The required output is all lines below that contain the word "maker".

==== Records for this exercise ====

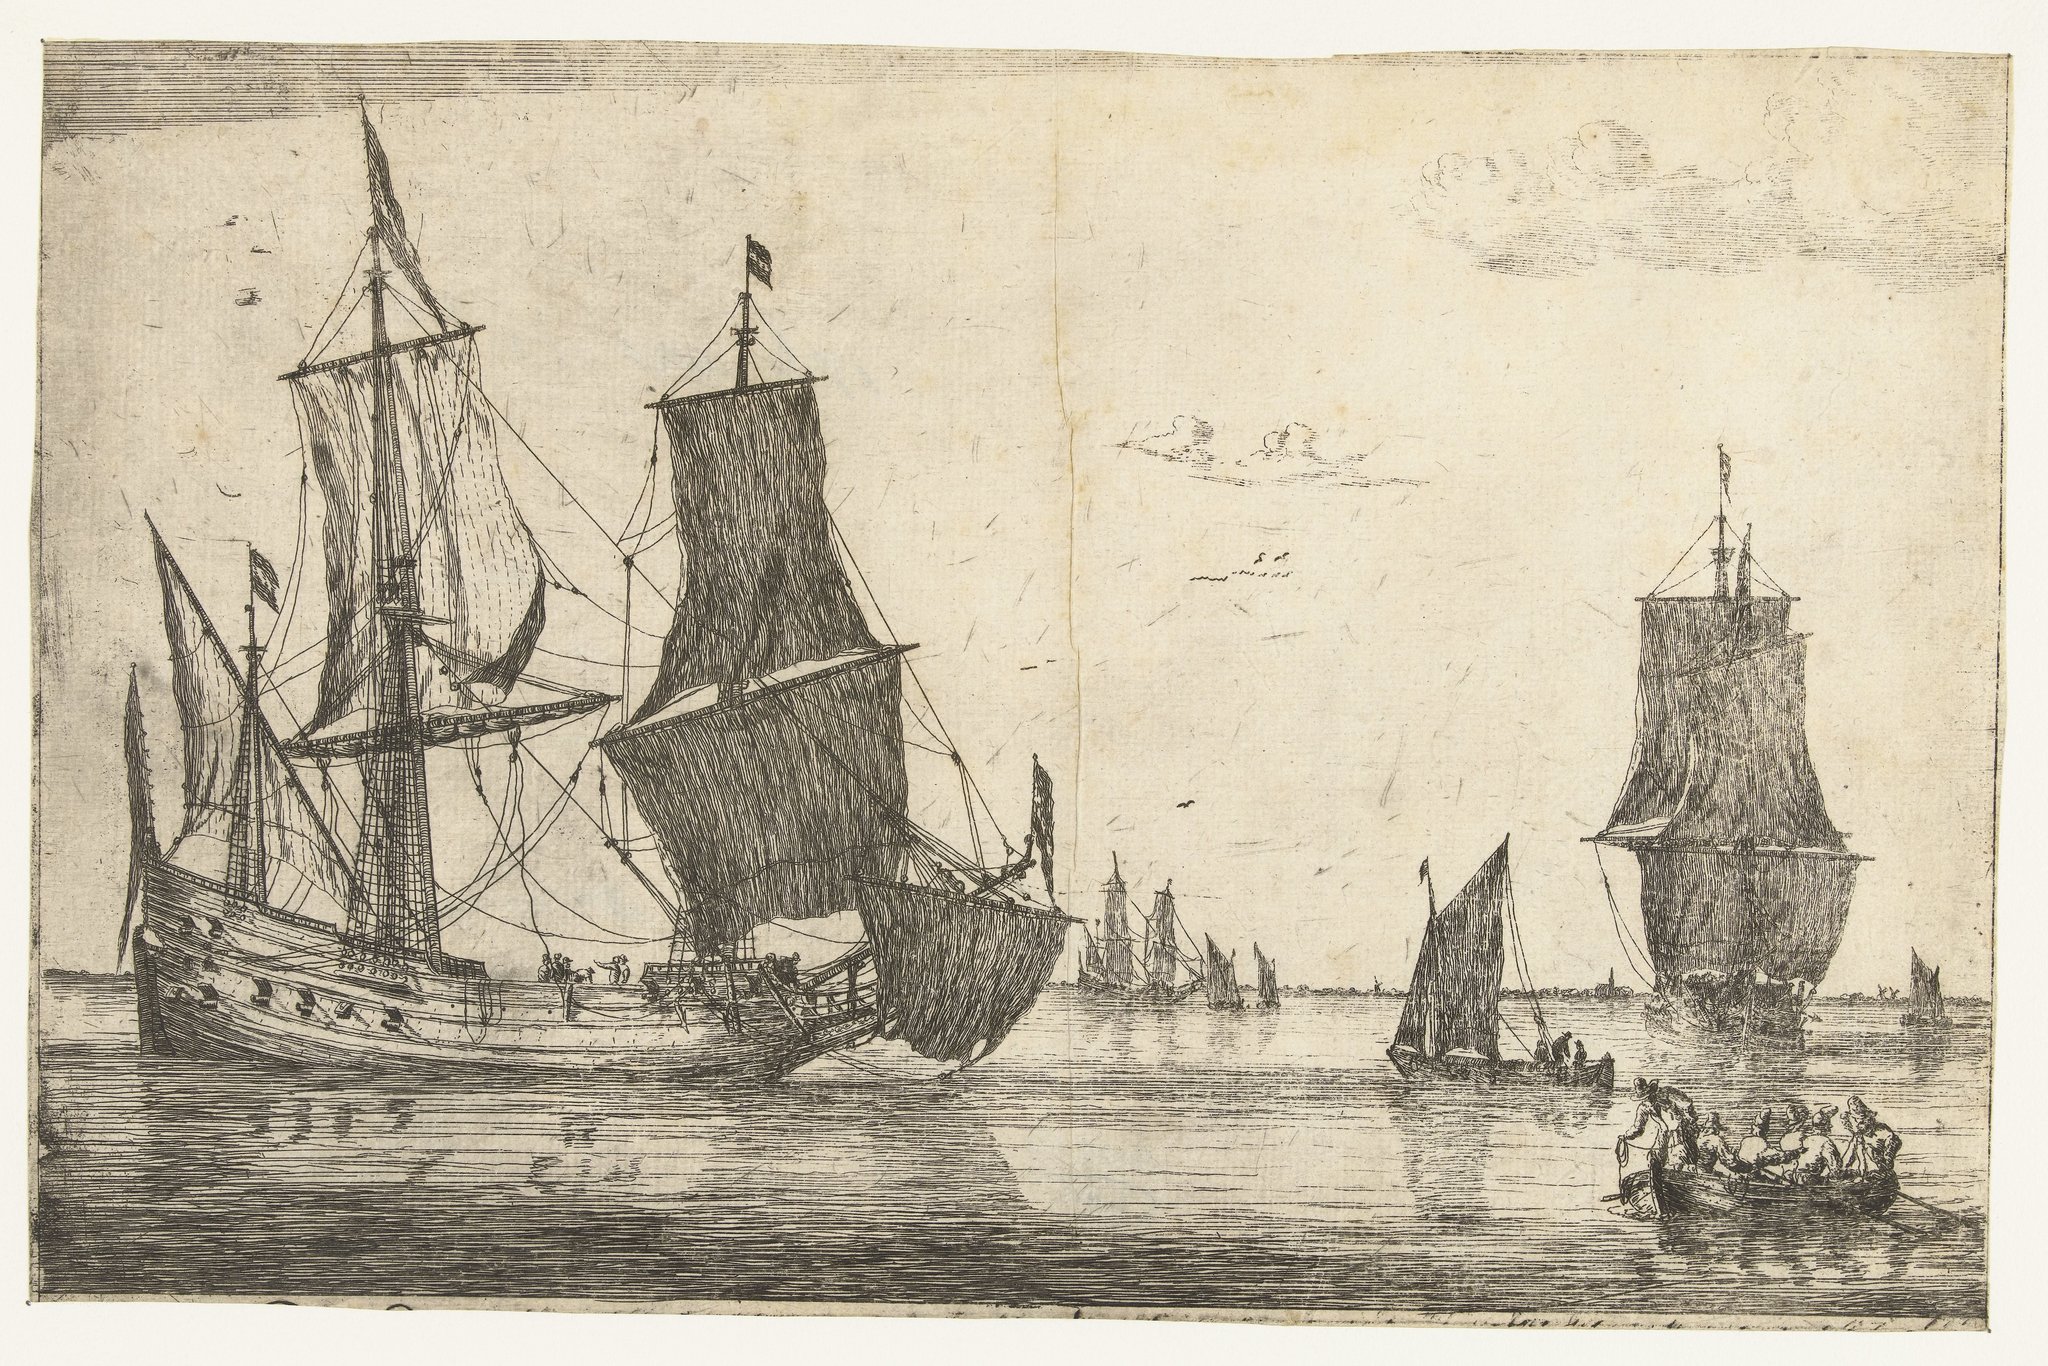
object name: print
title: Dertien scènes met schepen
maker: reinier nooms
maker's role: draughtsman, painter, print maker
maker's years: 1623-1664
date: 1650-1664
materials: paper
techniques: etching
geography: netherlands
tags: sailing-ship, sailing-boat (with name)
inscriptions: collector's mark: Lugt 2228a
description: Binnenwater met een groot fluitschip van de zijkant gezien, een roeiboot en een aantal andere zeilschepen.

====
==== Records for this exercise ====

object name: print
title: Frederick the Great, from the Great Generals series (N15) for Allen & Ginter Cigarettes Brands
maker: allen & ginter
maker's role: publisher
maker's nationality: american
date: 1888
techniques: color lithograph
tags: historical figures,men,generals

====

**Finished exercise**
maker: reinier nooms
maker's role: draughtsman, painter, print maker
maker's years: 1623-1664
maker: allen & ginter
maker's role: publisher
maker's nationality: american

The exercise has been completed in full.